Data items
○ ○ ○ ○

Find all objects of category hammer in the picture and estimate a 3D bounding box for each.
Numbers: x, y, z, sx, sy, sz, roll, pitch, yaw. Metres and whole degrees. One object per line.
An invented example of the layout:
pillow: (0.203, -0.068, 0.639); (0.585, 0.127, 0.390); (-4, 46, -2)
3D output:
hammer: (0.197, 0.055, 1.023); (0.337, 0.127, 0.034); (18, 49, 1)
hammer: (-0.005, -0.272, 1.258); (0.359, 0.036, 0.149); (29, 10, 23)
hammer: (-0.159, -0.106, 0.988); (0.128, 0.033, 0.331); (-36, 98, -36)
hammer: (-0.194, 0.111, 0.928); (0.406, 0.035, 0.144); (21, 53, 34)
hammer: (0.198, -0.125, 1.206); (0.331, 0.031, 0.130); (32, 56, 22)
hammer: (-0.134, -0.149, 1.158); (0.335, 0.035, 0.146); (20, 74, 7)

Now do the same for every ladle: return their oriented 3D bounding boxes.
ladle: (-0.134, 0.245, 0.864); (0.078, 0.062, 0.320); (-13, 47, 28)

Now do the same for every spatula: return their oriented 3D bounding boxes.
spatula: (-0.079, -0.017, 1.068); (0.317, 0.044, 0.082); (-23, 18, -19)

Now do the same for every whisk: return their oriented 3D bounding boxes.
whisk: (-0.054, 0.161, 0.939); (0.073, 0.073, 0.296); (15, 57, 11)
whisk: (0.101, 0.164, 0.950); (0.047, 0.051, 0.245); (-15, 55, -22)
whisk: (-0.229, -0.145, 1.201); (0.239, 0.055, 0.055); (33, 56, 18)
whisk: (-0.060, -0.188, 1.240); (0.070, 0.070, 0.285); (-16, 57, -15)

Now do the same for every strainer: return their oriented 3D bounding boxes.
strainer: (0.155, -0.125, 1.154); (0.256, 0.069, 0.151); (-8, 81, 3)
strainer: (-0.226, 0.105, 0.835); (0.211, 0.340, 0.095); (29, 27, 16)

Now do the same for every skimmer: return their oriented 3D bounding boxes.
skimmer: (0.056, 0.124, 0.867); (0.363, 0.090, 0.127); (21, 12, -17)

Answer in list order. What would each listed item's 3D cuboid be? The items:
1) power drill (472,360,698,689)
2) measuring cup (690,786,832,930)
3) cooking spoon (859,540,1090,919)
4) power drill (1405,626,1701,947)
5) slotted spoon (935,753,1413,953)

○ ○ ○ ○

AIM OF THE TASK: Nothing in the records above may be left out when you repeat them exactly.

RESPONSE AREA:
Find all objects of category hammer in the picture and estimate a 3D bounding box for each.
Numbers: x, y, z, sx, sy, sz, roll, pitch, yaw. Metres and whole degrees. One object per line.
An invented example of the layout:
pillow: (0.203, -0.068, 0.639); (0.585, 0.127, 0.390); (-4, 46, -2)
3D output:
hammer: (0.197, 0.055, 1.023); (0.337, 0.127, 0.034); (18, 49, 1)
hammer: (-0.005, -0.272, 1.258); (0.359, 0.036, 0.149); (29, 10, 23)
hammer: (-0.159, -0.106, 0.988); (0.128, 0.033, 0.331); (-36, 98, -36)
hammer: (-0.194, 0.111, 0.928); (0.406, 0.035, 0.144); (21, 53, 34)
hammer: (0.198, -0.125, 1.206); (0.331, 0.031, 0.130); (32, 56, 22)
hammer: (-0.134, -0.149, 1.158); (0.335, 0.035, 0.146); (20, 74, 7)

Now do the same for every ladle: return their oriented 3D bounding boxes.
ladle: (-0.134, 0.245, 0.864); (0.078, 0.062, 0.320); (-13, 47, 28)

Now do the same for every spatula: return their oriented 3D bounding boxes.
spatula: (-0.079, -0.017, 1.068); (0.317, 0.044, 0.082); (-23, 18, -19)

Now do the same for every whisk: return their oriented 3D bounding boxes.
whisk: (-0.054, 0.161, 0.939); (0.073, 0.073, 0.296); (15, 57, 11)
whisk: (0.101, 0.164, 0.950); (0.047, 0.051, 0.245); (-15, 55, -22)
whisk: (-0.229, -0.145, 1.201); (0.239, 0.055, 0.055); (33, 56, 18)
whisk: (-0.060, -0.188, 1.240); (0.070, 0.070, 0.285); (-16, 57, -15)

Now do the same for every strainer: return their oriented 3D bounding boxes.
strainer: (0.155, -0.125, 1.154); (0.256, 0.069, 0.151); (-8, 81, 3)
strainer: (-0.226, 0.105, 0.835); (0.211, 0.340, 0.095); (29, 27, 16)

Now do the same for every skimmer: return their oriented 3D bounding boxes.
skimmer: (0.056, 0.124, 0.867); (0.363, 0.090, 0.127); (21, 12, -17)

Answer in list order. What would each listed item's 3D cuboid be? The items:
1) power drill (472,360,698,689)
2) measuring cup (690,786,832,930)
3) cooking spoon (859,540,1090,919)
4) power drill (1405,626,1701,947)
5) slotted spoon (935,753,1413,953)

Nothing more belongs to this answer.